12-04, 16:30–17:00 (UTC), General Track
This talk will go over an application scenario that brings together the benefits of vector search with graph traversal. Knowledge graphs (or more generally, graphs), have long been used to model structured data that capture the connection between entities in the real world. Recently, there has been a lot of interest in the topic of Graph RAG, which aims to use graphs as part of the retrieval process in RAG, to enhance the outcomes. The talk will cover a practical example to showcase how Python developers can leverage the PyData ecosystem alongside two open source, embedded databases: Kùzu for the graph component, and LanceDB for the vector component of the retrieval.
Although vector and hybrid search have proven to be immensely useful for RAG (retrieval augmented generation), there has been more and more evidence that adding structured data organized as a graph, to the retrieval stage, can help improve the contextual relevance of the retrieved results to the generated response.
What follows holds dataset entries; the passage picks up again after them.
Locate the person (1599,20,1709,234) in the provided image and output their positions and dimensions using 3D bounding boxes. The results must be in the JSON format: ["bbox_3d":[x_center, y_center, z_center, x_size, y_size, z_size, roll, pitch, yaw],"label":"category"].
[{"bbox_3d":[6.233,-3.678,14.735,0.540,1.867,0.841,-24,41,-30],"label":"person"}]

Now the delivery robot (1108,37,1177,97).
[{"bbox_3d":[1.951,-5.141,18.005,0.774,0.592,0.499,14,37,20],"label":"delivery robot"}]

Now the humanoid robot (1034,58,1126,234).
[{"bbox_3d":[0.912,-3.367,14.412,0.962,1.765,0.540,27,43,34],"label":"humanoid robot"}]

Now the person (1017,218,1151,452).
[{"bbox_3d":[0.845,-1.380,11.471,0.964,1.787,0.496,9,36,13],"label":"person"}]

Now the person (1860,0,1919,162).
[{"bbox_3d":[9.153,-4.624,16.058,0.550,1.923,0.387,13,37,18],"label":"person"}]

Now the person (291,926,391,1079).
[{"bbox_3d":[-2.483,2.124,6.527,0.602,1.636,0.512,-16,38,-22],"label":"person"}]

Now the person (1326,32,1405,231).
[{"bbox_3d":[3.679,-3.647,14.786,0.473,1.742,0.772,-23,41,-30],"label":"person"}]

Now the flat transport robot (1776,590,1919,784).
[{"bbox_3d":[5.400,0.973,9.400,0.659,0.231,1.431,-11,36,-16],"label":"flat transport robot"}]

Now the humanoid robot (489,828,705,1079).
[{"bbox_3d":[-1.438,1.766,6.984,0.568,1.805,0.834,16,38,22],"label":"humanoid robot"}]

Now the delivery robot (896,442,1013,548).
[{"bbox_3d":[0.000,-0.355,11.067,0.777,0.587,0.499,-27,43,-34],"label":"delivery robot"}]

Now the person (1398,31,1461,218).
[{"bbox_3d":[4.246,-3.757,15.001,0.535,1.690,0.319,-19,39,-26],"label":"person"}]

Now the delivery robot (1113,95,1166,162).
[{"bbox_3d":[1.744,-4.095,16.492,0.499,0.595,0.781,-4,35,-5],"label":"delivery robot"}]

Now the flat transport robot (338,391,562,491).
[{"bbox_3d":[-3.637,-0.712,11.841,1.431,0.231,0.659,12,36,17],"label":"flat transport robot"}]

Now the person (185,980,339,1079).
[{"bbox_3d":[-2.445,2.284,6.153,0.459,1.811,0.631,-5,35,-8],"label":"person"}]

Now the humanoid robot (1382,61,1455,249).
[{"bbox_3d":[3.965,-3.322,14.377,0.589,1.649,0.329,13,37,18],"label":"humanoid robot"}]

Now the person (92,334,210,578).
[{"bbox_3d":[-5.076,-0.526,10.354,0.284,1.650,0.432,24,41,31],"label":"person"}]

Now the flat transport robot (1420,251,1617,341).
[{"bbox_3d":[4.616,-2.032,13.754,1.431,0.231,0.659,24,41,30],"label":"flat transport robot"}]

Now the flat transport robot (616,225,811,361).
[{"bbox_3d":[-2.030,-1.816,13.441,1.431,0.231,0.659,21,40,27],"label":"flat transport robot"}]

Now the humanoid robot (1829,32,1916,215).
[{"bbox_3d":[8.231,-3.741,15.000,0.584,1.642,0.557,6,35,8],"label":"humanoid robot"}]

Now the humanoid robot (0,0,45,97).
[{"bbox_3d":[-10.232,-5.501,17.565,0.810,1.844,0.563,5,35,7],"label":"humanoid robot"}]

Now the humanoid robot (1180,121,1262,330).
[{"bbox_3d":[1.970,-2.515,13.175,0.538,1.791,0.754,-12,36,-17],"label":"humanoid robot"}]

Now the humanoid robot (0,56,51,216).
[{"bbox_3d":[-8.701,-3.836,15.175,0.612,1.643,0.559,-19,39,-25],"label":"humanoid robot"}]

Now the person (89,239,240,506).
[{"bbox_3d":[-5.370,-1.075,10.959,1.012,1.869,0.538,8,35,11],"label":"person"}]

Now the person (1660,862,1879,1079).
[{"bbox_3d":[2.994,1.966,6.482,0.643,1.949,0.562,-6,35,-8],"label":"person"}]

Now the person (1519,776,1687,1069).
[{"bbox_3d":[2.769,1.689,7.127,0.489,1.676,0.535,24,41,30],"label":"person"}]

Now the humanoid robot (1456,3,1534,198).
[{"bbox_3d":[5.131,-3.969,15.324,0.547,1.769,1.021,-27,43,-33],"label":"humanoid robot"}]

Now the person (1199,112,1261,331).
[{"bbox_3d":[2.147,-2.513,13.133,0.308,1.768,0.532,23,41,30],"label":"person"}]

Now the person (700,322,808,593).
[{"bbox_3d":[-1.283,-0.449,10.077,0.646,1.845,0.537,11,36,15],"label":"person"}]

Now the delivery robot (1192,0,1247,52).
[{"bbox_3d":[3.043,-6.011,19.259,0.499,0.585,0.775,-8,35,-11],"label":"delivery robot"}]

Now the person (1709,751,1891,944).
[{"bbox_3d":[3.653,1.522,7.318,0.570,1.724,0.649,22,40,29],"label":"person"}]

There are several ways in which a graph can be used alongside semantic search in these kinds of applications, so the talk aims to go over some of these methodologies and demonstrate a practical example so that developers can begin experimenting with their own datasets.
Importantly, constructing high quality knowledge graphs (or more generally, graphs), has been a significant challenge to adoption of Graph RAG and graph databases, so this talk will also showcase some ways through which Python data scientists can transform their existing data that may come from various sources, into a graph. We will show how using open source, developer friendly tooling that plays well with the rest of the Python ecosystem can help users rapidly iterate on their ideas while also having the confidence to take their applications to production in a scalable fashion.
Previous knowledge expected
Prashanth is an AI engineer at Kùzu based in Toronto. In recent years, he's focused heavily on data modeling and engineering using relational, graph and vector databases that power a variety of machine learning and AI applications. In his spare time, he enjoys engaging with the Python/Rust community and blogging @ thedataquarry.com.